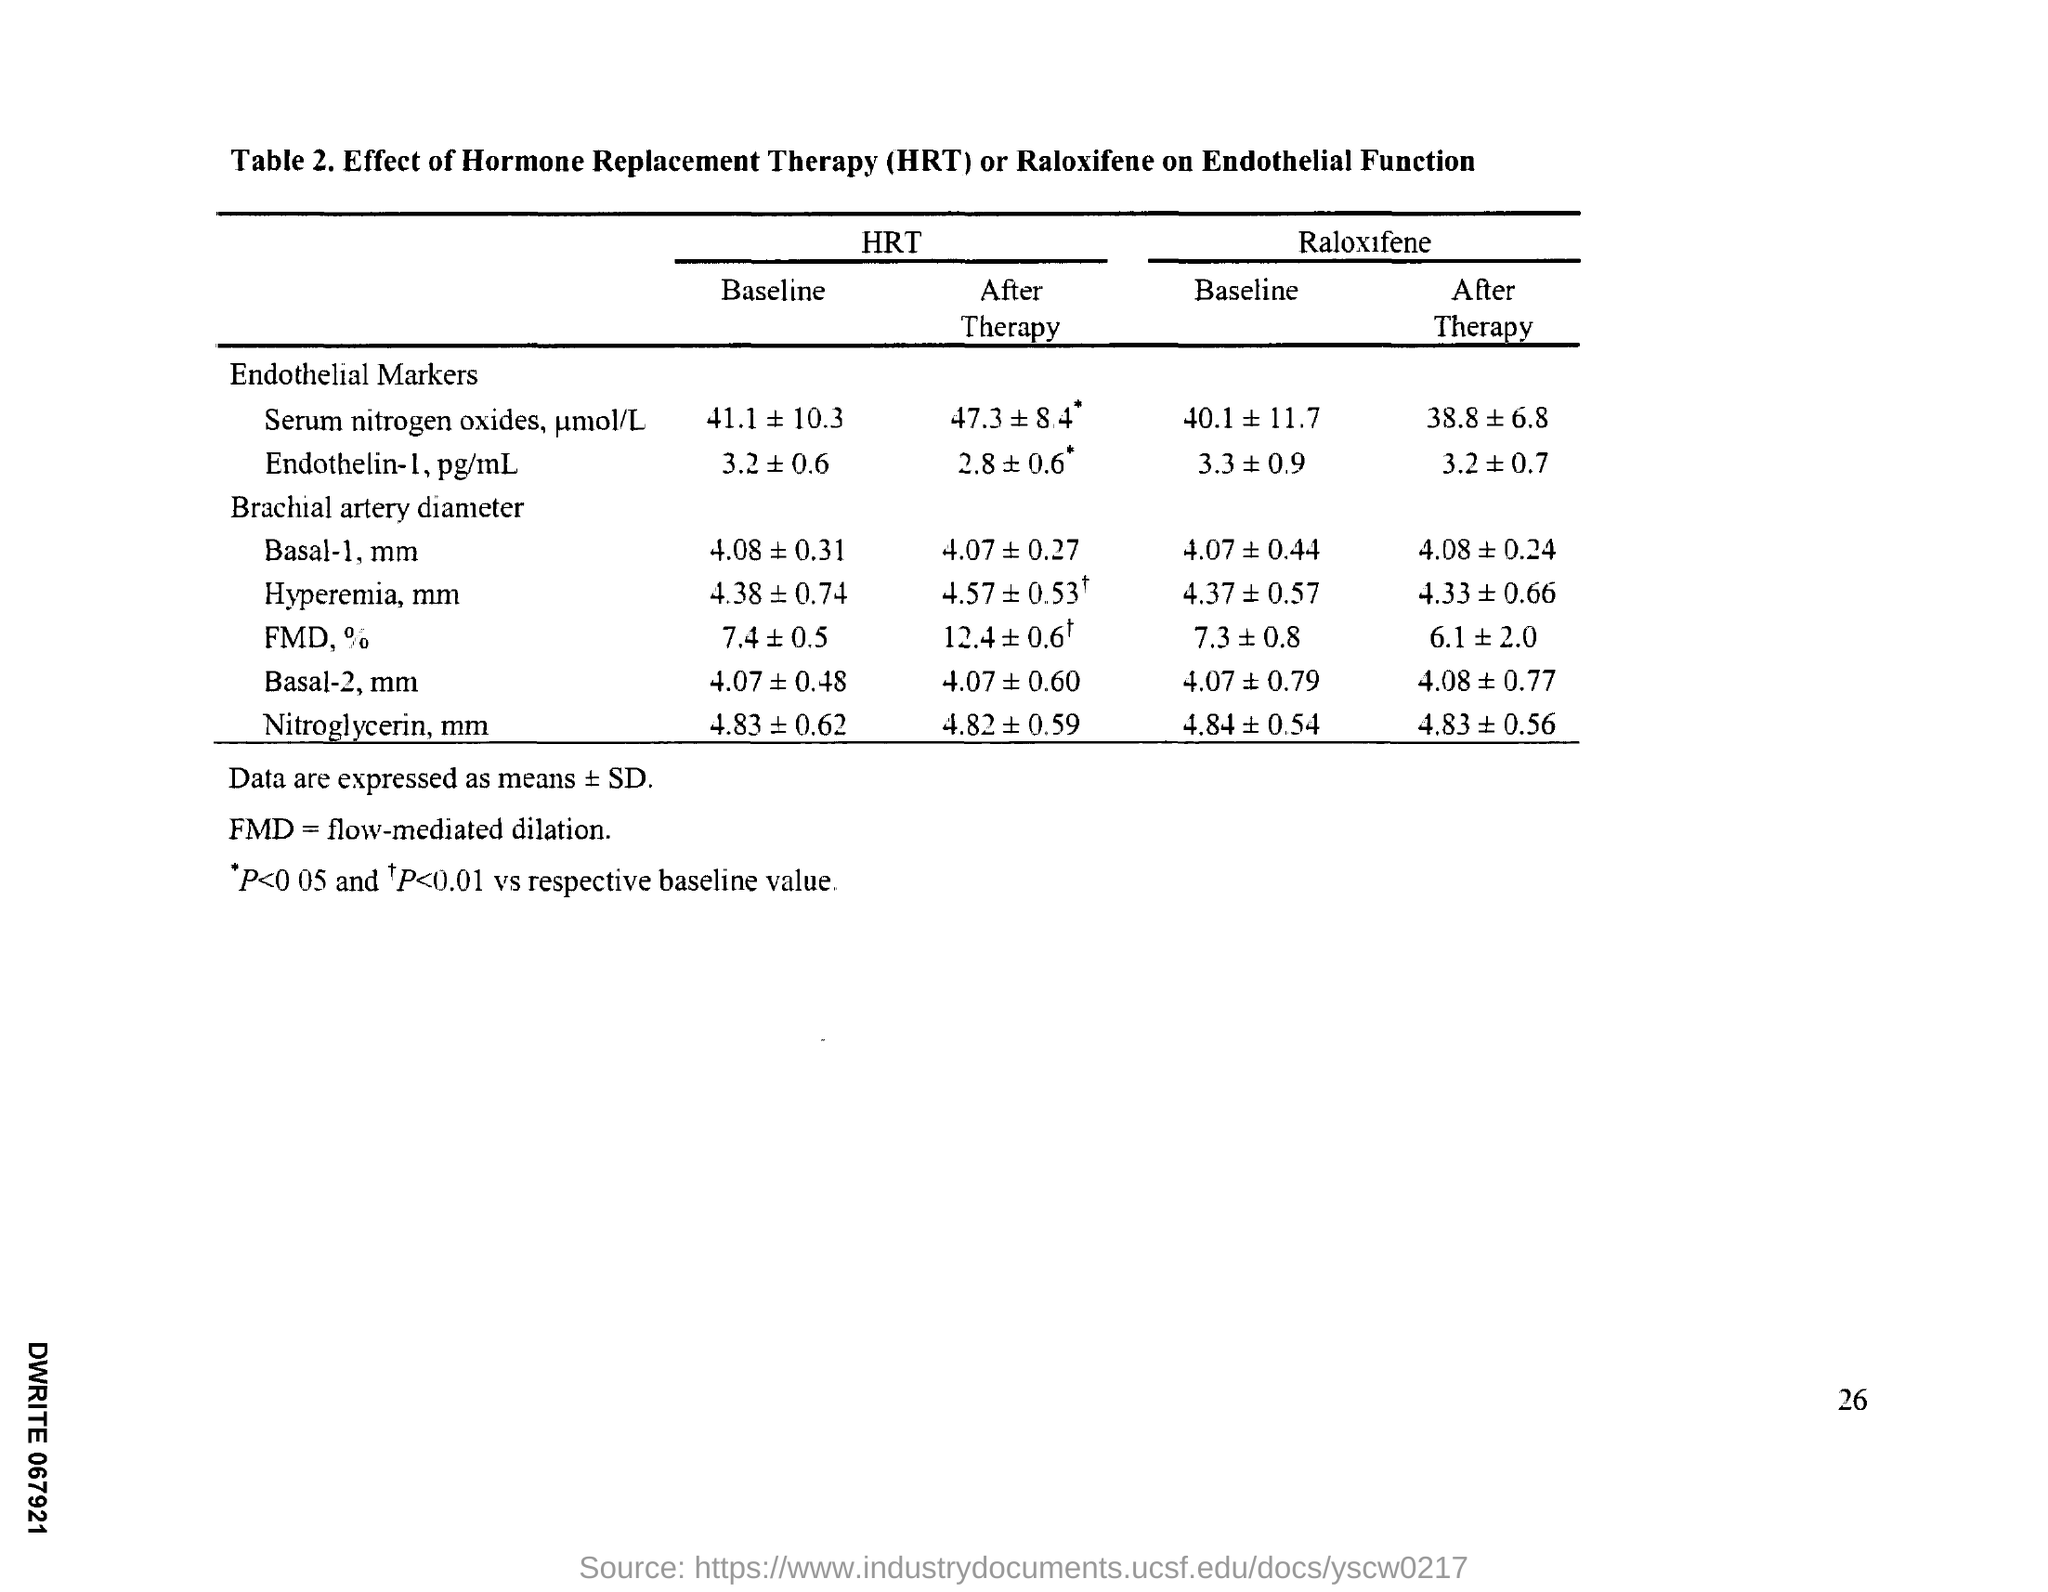Indicate a few pertinent items in this graphic. The page number is 26," the speaker declared. 
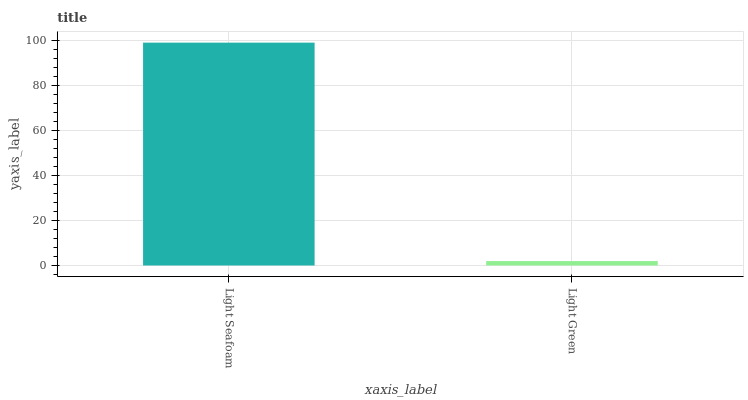Is Light Green the minimum?
Answer yes or no. Yes. Is Light Seafoam the maximum?
Answer yes or no. Yes. Is Light Green the maximum?
Answer yes or no. No. Is Light Seafoam greater than Light Green?
Answer yes or no. Yes. Is Light Green less than Light Seafoam?
Answer yes or no. Yes. Is Light Green greater than Light Seafoam?
Answer yes or no. No. Is Light Seafoam less than Light Green?
Answer yes or no. No. Is Light Seafoam the high median?
Answer yes or no. Yes. Is Light Green the low median?
Answer yes or no. Yes. Is Light Green the high median?
Answer yes or no. No. Is Light Seafoam the low median?
Answer yes or no. No. 
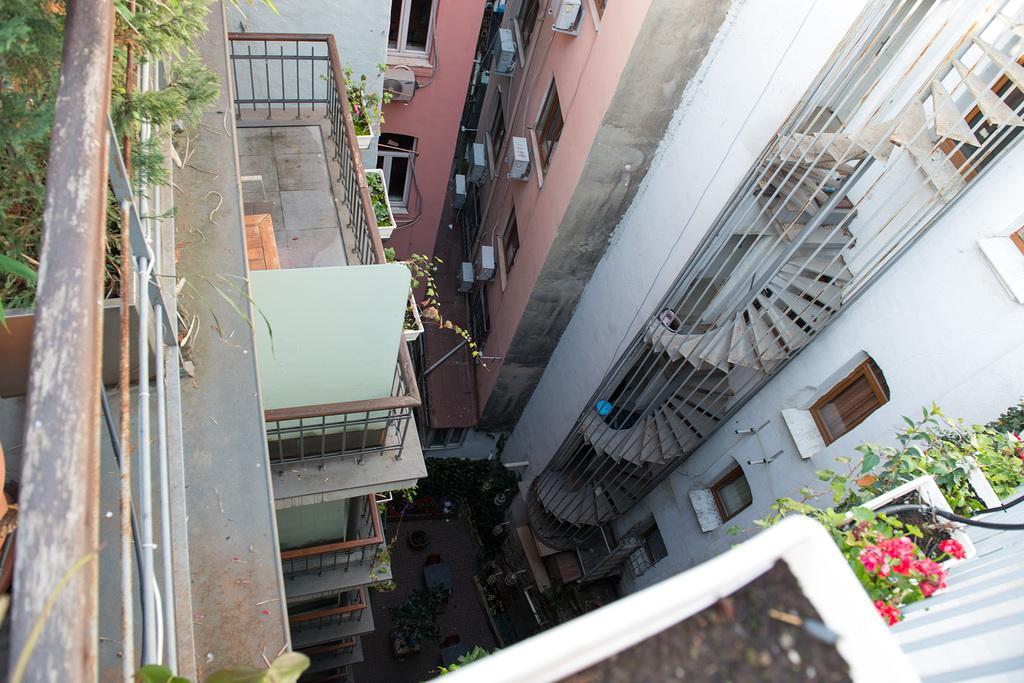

-.-.-

Each entry above is to be duplicated exactly, and its pictures omitted.

# [Output below]
Indicate a few pertinent items in this graphic. The page number is 26," the speaker declared. 
Is Light Green the minimum?
Answer yes or no. Yes. Is Light Seafoam the maximum?
Answer yes or no. Yes. Is Light Green the maximum?
Answer yes or no. No. Is Light Seafoam greater than Light Green?
Answer yes or no. Yes. Is Light Green less than Light Seafoam?
Answer yes or no. Yes. Is Light Green greater than Light Seafoam?
Answer yes or no. No. Is Light Seafoam less than Light Green?
Answer yes or no. No. Is Light Seafoam the high median?
Answer yes or no. Yes. Is Light Green the low median?
Answer yes or no. Yes. Is Light Green the high median?
Answer yes or no. No. Is Light Seafoam the low median?
Answer yes or no. No. 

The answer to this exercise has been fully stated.